Year 215 BC was a year of the pre-Julian Roman calendar. At the time it was known as the Year of the Consulship of Albinus/Marcellus/Verrucosus and Gracchus (or, less frequently, year 539 Ab urbe condita). The denomination 215 BC for this year has been used since the early medieval period, when the Anno Domini calendar era became the prevalent method in Europe for naming years.

Events 
 By place 
 Carthage 
 The Carthaginians fail to recapture Sardinia.

 Spain 
 The Carthaginian general, Hannibal, is denied any reinforcements from Spain for his forces now based in Italy by the activities of the Roman general Publius Cornelius Scipio and his brother Gnaeus Cornelius Scipio Calvus, who, in a battle at Dertosa near the Ebro River effectively stop the Carthaginian general, Hasdrubal's attempt to break through to Italy.

 Roman Republic 
 The Roman law, Lex Oppia, is instituted by Gaius Oppius, a tribune of the plebs during the consulship of Quintus Fabius Maximus Verrucosus and Tiberius Sempronius Gracchus.
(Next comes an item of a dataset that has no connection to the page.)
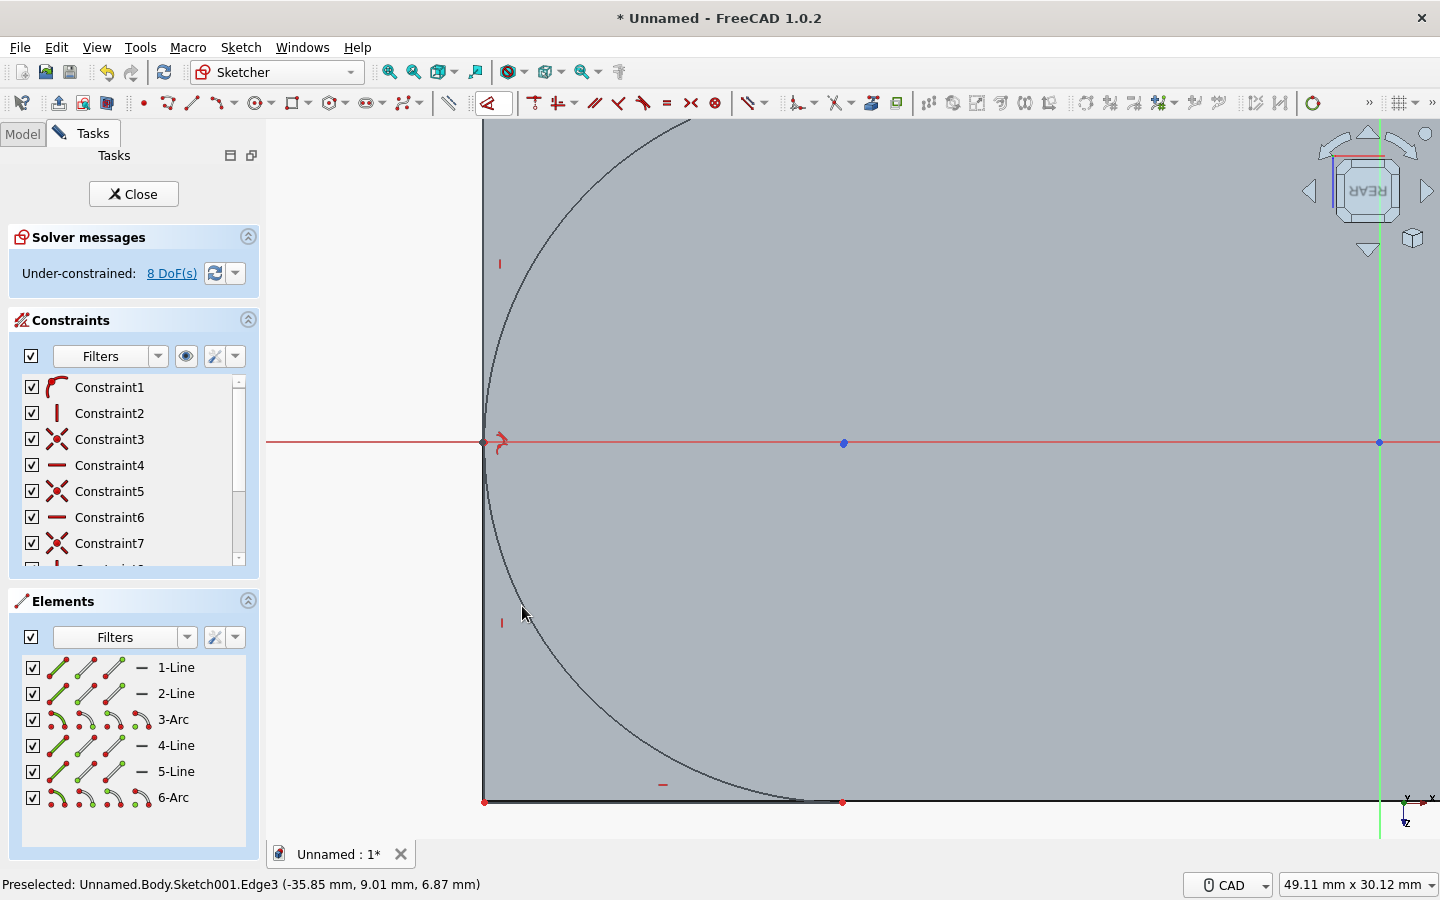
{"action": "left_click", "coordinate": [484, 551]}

The Lex Oppia is the first of a series of sumptuary laws introduced in Rome. It not only restricts women's wealth, but also their displaying it.
 The Roman general, Marcus Claudius Marcellus, again repulses an attack by Hannibal on the city of Nola.
 Hannibal's forces occupy the cities of Heraclea and Thurii. However, Hannibal is unable to prevent the Romans from besieging Capua.

 Greece 
 Philip V of Macedon and Hannibal negotiate an alliance under which they pledge mutual support and defence. Specifically, they agree to support each other against Rome, and that Hannibal shall have the right to make peace with Rome, but that any peace would include Philip and that Rome would be forced to give up control of Corcyra, Apollonia, Epidamnus, Pharos, Dimale, Parthini and Atintania and to restore to Demetrius of Pharos all his lands currently controlled by Rome.

 Seleucid Empire 
 The Seleucid king, Antiochus III, crosses the Taurus Mountains, uniting his forces with Attalus of Pergamum and, in one campaign, deprives his rebel general, Achaeus, of all his dominions and takes Sardis (with the exception of the citadel).

China 
 Emperor Qin Shi Huang orders the construction of his mausoleum to begin, including the famous Terracotta Army.
 In what is claimed to be a preemptive strike, Qin forces under Meng Tian drive the Xiongnu and other northern peoples from their homeland on the Ordos Plateau.

Births 
 Antiochus IV Epiphanes, king of the Seleucid Empire (d. 164 BC) (approximate date)

Deaths 
 Apollonius of Rhodes, Greek author (b. 295 BC)
 Hiero II, tyrant of Syracuse from 270 BC (b. c. 308 BC)
 Hieronymus, grandson of Hiero II of Syracuse and tyrant (assassinated) (b. c. 231 BC)
 Emperor Kōrei of Japan, according to legend.